[ENTRIES SHOWN]

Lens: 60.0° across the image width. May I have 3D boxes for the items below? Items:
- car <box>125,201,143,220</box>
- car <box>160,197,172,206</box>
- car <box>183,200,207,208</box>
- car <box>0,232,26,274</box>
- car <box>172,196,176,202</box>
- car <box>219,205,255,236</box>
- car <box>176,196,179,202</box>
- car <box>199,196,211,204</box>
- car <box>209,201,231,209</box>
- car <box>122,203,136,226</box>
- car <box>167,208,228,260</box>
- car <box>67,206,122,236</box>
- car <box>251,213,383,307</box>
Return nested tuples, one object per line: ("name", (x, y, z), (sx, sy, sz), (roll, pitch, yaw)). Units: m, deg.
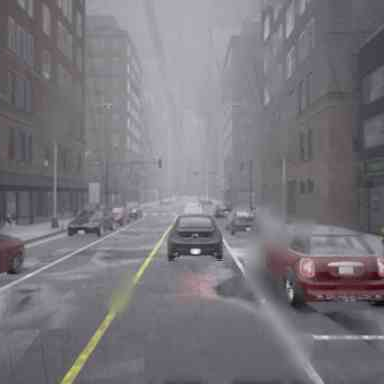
("car", (-5.626, 1.628, 30.137), (1.967, 1.590, 4.097), (0, 0, 0))
("car", (-5.536, 2.038, 67.238), (1.802, 1.307, 4.206), (0, 0, 0))
("car", (0.141, 1.712, 29.713), (1.812, 1.442, 4.674), (0, 0, 0))
("car", (-5.658, 1.632, 8.131), (1.802, 1.307, 4.206), (0, 0, 0))
("car", (-5.500, 2.095, 78.054), (2.008, 1.369, 4.403), (0, 0, 0))
("car", (2.884, 1.670, 19.121), (2.008, 1.369, 4.403), (0, 0, 0))
("car", (-5.448, 2.215, 94.110), (1.752, 1.417, 4.829), (0, -1, 0))
("car", (2.989, 1.897, 67.213), (1.967, 1.590, 4.097), (0, 0, 0))
("car", (2.900, 1.755, 30.123), (1.947, 1.339, 4.313), (0, 0, 0))
("car", (-5.634, 1.735, 24.634), (1.802, 1.307, 4.206), (0, 0, 0))
("car", (0.116, 1.584, 12.680), (1.837, 1.490, 4.892), (0, 0, 0))
("car", (-5.642, 1.684, 19.133), (1.947, 1.339, 4.313), (0, 0, 0))
("car", (2.867, 1.491, 8.119), (1.967, 1.590, 4.097), (0, 0, 0))

[/ENTRIES SHOWN]

* ABOUT THIS TASK
Word for word, quote the full listing, omitting every picture.

* OUTPUT OF THE EXERCISE
Lens: 60.0° across the image width. May I have 3D boxes for the items below? Items:
- car <box>125,201,143,220</box>
- car <box>160,197,172,206</box>
- car <box>183,200,207,208</box>
- car <box>0,232,26,274</box>
- car <box>172,196,176,202</box>
- car <box>219,205,255,236</box>
- car <box>176,196,179,202</box>
- car <box>199,196,211,204</box>
- car <box>209,201,231,209</box>
- car <box>122,203,136,226</box>
- car <box>167,208,228,260</box>
- car <box>67,206,122,236</box>
- car <box>251,213,383,307</box>
Return nested tuples, one object per line: ("name", (x, y, z), (sx, sy, sz), (roll, pitch, yaw)). Units: m, deg.
("car", (-5.626, 1.628, 30.137), (1.967, 1.590, 4.097), (0, 0, 0))
("car", (-5.536, 2.038, 67.238), (1.802, 1.307, 4.206), (0, 0, 0))
("car", (0.141, 1.712, 29.713), (1.812, 1.442, 4.674), (0, 0, 0))
("car", (-5.658, 1.632, 8.131), (1.802, 1.307, 4.206), (0, 0, 0))
("car", (-5.500, 2.095, 78.054), (2.008, 1.369, 4.403), (0, 0, 0))
("car", (2.884, 1.670, 19.121), (2.008, 1.369, 4.403), (0, 0, 0))
("car", (-5.448, 2.215, 94.110), (1.752, 1.417, 4.829), (0, -1, 0))
("car", (2.989, 1.897, 67.213), (1.967, 1.590, 4.097), (0, 0, 0))
("car", (2.900, 1.755, 30.123), (1.947, 1.339, 4.313), (0, 0, 0))
("car", (-5.634, 1.735, 24.634), (1.802, 1.307, 4.206), (0, 0, 0))
("car", (0.116, 1.584, 12.680), (1.837, 1.490, 4.892), (0, 0, 0))
("car", (-5.642, 1.684, 19.133), (1.947, 1.339, 4.313), (0, 0, 0))
("car", (2.867, 1.491, 8.119), (1.967, 1.590, 4.097), (0, 0, 0))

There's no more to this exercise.